The retriever supports the following options:

k: Number of documents to return (default: 4, max: 1000)
filter: SQL WHERE clause to filter results (e.g., "category = 'docs' AND source = 'website'")

#### Distance Strategies

The retriever supports different distance strategies for vector similarity search:

```ts
import { DistanceStrategy } from 'genkitx-cloud-sql-pg';

// Configure retriever with specific distance strategy
const myDocumentsRetriever = postgresRetrieverRef({
tableName: 'my-documents',
distanceStrategy: DistanceStrategy.COSINE_DISTANCE // or EUCLIDEAN_DISTANCE
});
```


Available strategies:
* COSINE_DISTANCE: Cosine similarity (default)
* EUCLIDEAN_DISTANCE: Euclidean distance
* DOT_PRODUCT: Dot product similarity

#### Metadata Handling

The retriever preserves all metadata fields when returning documents.
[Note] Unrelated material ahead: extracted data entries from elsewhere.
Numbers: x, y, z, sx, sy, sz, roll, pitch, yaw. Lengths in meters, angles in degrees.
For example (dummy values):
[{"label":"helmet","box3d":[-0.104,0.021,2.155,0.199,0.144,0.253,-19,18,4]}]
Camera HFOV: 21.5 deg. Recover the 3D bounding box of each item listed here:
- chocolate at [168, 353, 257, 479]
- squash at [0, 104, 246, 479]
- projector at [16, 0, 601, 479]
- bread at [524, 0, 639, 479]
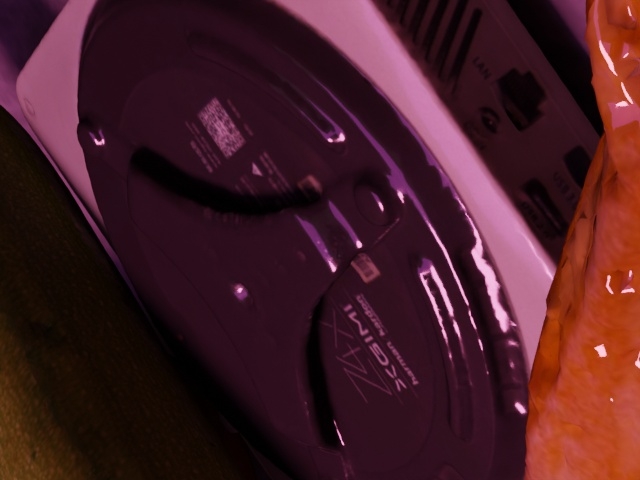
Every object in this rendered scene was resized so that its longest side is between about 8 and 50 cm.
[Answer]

You can access both individual metadata columns and the JSON metadata column:

```ts
// Example 1: Search for product documentation
const productQuery = "How do I configure the API rate limits?";
const productDocs = await ai.retrieve({
retriever: myDocumentsRetriever,
query: productQuery,
options: {
k: 3,
filter: "category = 'api-docs' AND source = 'product-manual'"
}
});

// Example 2: Search for customer support articles
const supportQuery = "What are the troubleshooting steps for connection issues?";
const supportDocs = await ai.retrieve({
retriever: myDocumentsRetriever,
query: supportQuery,
options: {
k: 5,
filter: "category = 'troubleshooting' AND source = 'support-kb'"
}
});

// Access retrieved documents and their metadata
console.log(productDocs.documents[0].content); // Document content
console.log(productDocs.documents[0].metadata.source); // e.g., "product-manual"
console.log(productDocs.documents[0].metadata.category); // e.g., "api-docs"
console.log(productDocs.documents[0].metadata.lastUpdated); // e.g., "2024-03-15"
```

See the [Retrieval-augmented generation](../rag.md) page for a general discussion on indexers and retrievers.